Items listed in a dataset:

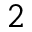Convert formula to latex. <formula><loc_0><loc_0><loc_500><loc_500>2</formula> 
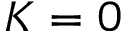Convert formula to latex. <formula><loc_0><loc_0><loc_500><loc_500>K = 0</formula> 
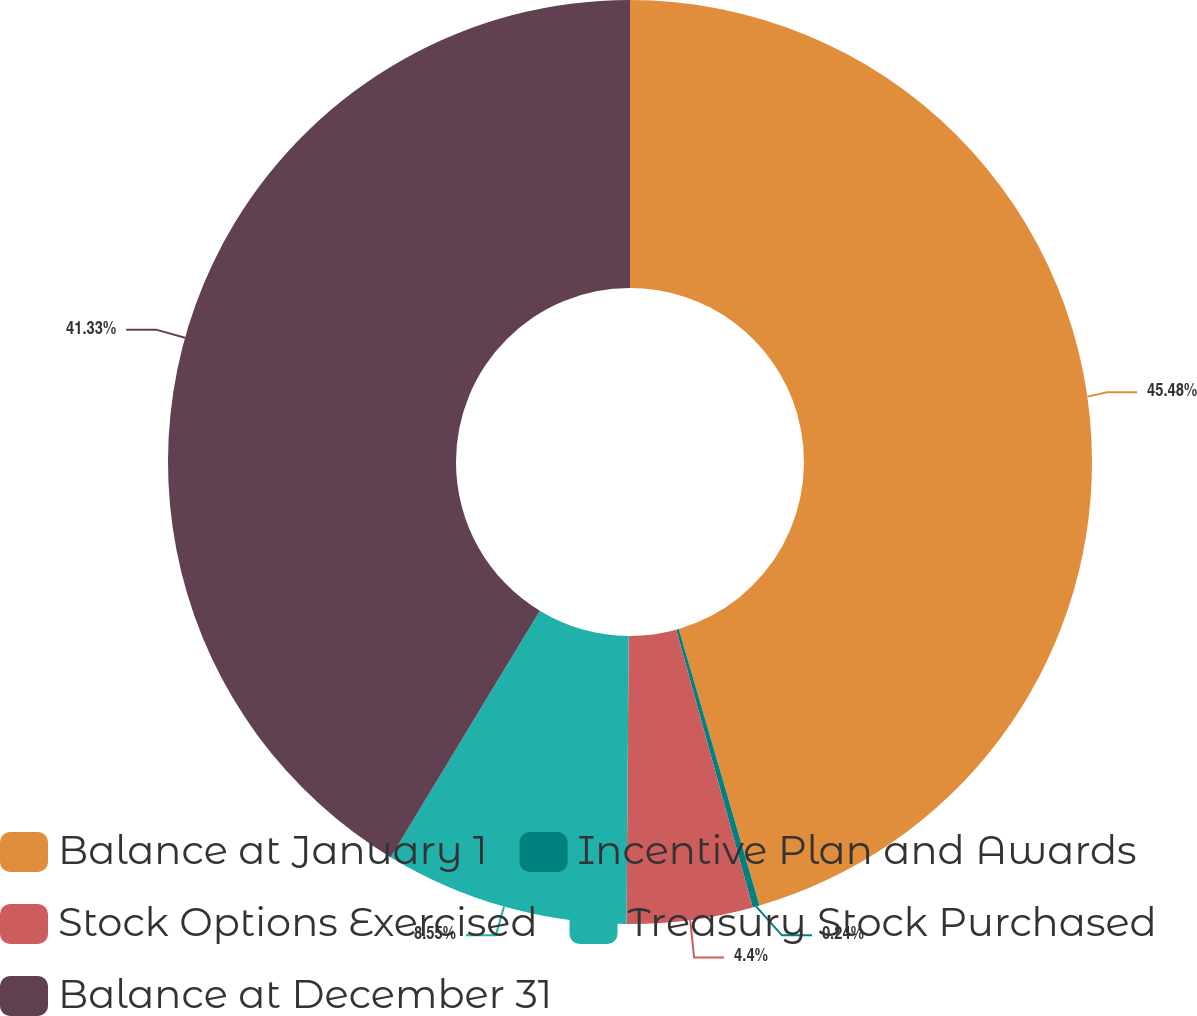Convert chart to OTSL. <chart><loc_0><loc_0><loc_500><loc_500><pie_chart><fcel>Balance at January 1<fcel>Incentive Plan and Awards<fcel>Stock Options Exercised<fcel>Treasury Stock Purchased<fcel>Balance at December 31<nl><fcel>45.48%<fcel>0.24%<fcel>4.4%<fcel>8.55%<fcel>41.33%<nl></chart> 
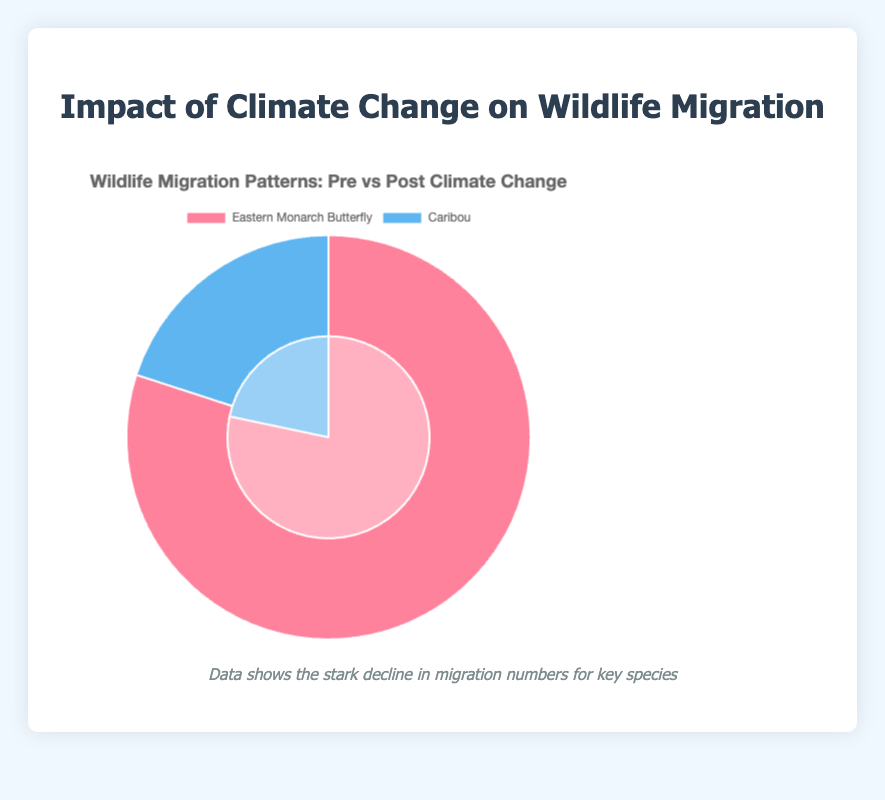What is the total migration count for the Eastern Monarch Butterfly and Caribou pre-climate change? To find the total migration count pre-climate change, sum the migration counts of the Eastern Monarch Butterfly (1,000,000) and Caribou (250,000). The calculation is 1,000,000 + 250,000 = 1,250,000
Answer: 1,250,000 What is the difference in the migration count of the Eastern Monarch Butterfly pre and post-climate change? Subtract the post-climate change migration count (650,000) from the pre-climate change migration count (1,000,000). The calculation is 1,000,000 - 650,000 = 350,000
Answer: 350,000 Which species experienced a greater reduction in their migration count due to climate change? Compare the difference in the migration counts pre and post-climate change for both species. Eastern Monarch Butterfly decreased by 350,000 (1,000,000 - 650,000) and Caribou decreased by 70,000 (250,000 - 180,000). Since 350,000 > 70,000, the Eastern Monarch Butterfly experienced a greater reduction.
Answer: Eastern Monarch Butterfly What percentage decrease did the Caribou experience post-climate change? Calculate the percentage decrease by dividing the difference in migration counts by the pre-climate change count and then multiply by 100. The difference is 70,000 (250,000 - 180,000). Calculation: (70,000 / 250,000) * 100 = 28%
Answer: 28% What does the section for the Eastern Monarch Butterfly look like on the pie chart? The section for the Eastern Monarch Butterfly is represented with red hues; a darker shade for pre-climate change (highlighting 1,000,000) and a lighter shade for post-climate change (highlighting 650,000).
Answer: Red hues Which species had a larger absolute migration count change due to climate change? Find the absolute change for both species and compare them. The Eastern Monarch Butterfly had an absolute change of 350,000 (1,000,000 - 650,000), and the Caribou had an absolute change of 70,000 (250,000 - 180,000). Since 350,000 > 70,000, the Eastern Monarch Butterfly had a larger absolute migration count change.
Answer: Eastern Monarch Butterfly What is the combined post-climate change migration count for both species? Sum the post-climate change migration counts of the Eastern Monarch Butterfly (650,000) and Caribou (180,000). The calculation is 650,000 + 180,000 = 830,000
Answer: 830,000 Which color represents the Caribou's data in the pie chart? The Caribou's data is represented by blue hues; a darker blue for pre-climate change (highlighting 250,000) and a lighter blue for post-climate change (highlighting 180,000).
Answer: Blue How much more did the Eastern Monarch Butterfly migrate pre-climate change compared to post-climate change? To find how much more the Eastern Monarch Butterfly migrated pre-climate change, subtract the post-climate change migration count (650,000) from the pre-climate change count (1,000,000). The calculation is 1,000,000 - 650,000 = 350,000
Answer: 350,000 By what percentage did the Eastern Monarch Butterfly's migration decrease post-climate change? Calculate the percentage decrease by dividing the difference in migration counts by the pre-climate change count, then multiply by 100. The difference is 350,000 (1,000,000 - 650,000). Calculation: (350,000 / 1,000,000) * 100 = 35%
Answer: 35% 
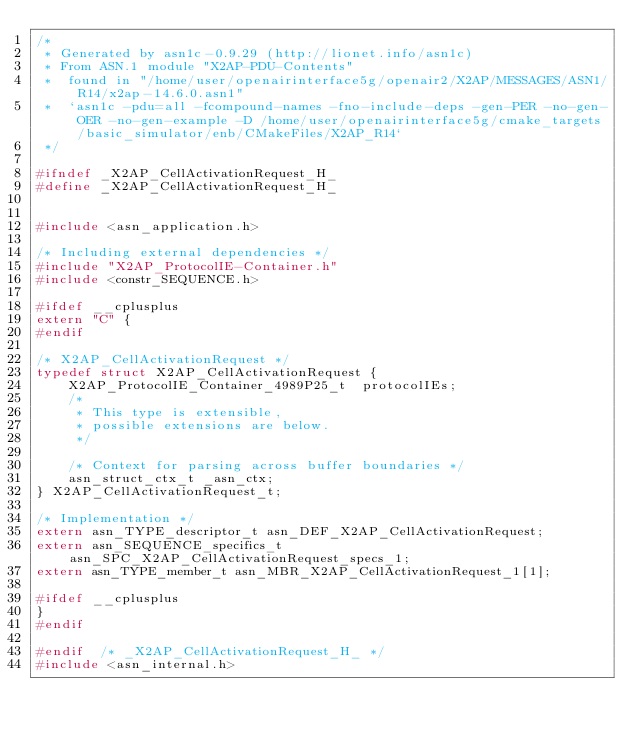<code> <loc_0><loc_0><loc_500><loc_500><_C_>/*
 * Generated by asn1c-0.9.29 (http://lionet.info/asn1c)
 * From ASN.1 module "X2AP-PDU-Contents"
 * 	found in "/home/user/openairinterface5g/openair2/X2AP/MESSAGES/ASN1/R14/x2ap-14.6.0.asn1"
 * 	`asn1c -pdu=all -fcompound-names -fno-include-deps -gen-PER -no-gen-OER -no-gen-example -D /home/user/openairinterface5g/cmake_targets/basic_simulator/enb/CMakeFiles/X2AP_R14`
 */

#ifndef	_X2AP_CellActivationRequest_H_
#define	_X2AP_CellActivationRequest_H_


#include <asn_application.h>

/* Including external dependencies */
#include "X2AP_ProtocolIE-Container.h"
#include <constr_SEQUENCE.h>

#ifdef __cplusplus
extern "C" {
#endif

/* X2AP_CellActivationRequest */
typedef struct X2AP_CellActivationRequest {
	X2AP_ProtocolIE_Container_4989P25_t	 protocolIEs;
	/*
	 * This type is extensible,
	 * possible extensions are below.
	 */
	
	/* Context for parsing across buffer boundaries */
	asn_struct_ctx_t _asn_ctx;
} X2AP_CellActivationRequest_t;

/* Implementation */
extern asn_TYPE_descriptor_t asn_DEF_X2AP_CellActivationRequest;
extern asn_SEQUENCE_specifics_t asn_SPC_X2AP_CellActivationRequest_specs_1;
extern asn_TYPE_member_t asn_MBR_X2AP_CellActivationRequest_1[1];

#ifdef __cplusplus
}
#endif

#endif	/* _X2AP_CellActivationRequest_H_ */
#include <asn_internal.h>
</code>

Problem to solve: Which lines run from the one containing "extensions are below." to the end of the entries above? Quote exactly those, and only those.

Response area:
	 * possible extensions are below.
	 */
	
	/* Context for parsing across buffer boundaries */
	asn_struct_ctx_t _asn_ctx;
} X2AP_CellActivationRequest_t;

/* Implementation */
extern asn_TYPE_descriptor_t asn_DEF_X2AP_CellActivationRequest;
extern asn_SEQUENCE_specifics_t asn_SPC_X2AP_CellActivationRequest_specs_1;
extern asn_TYPE_member_t asn_MBR_X2AP_CellActivationRequest_1[1];

#ifdef __cplusplus
}
#endif

#endif	/* _X2AP_CellActivationRequest_H_ */
#include <asn_internal.h>
</code>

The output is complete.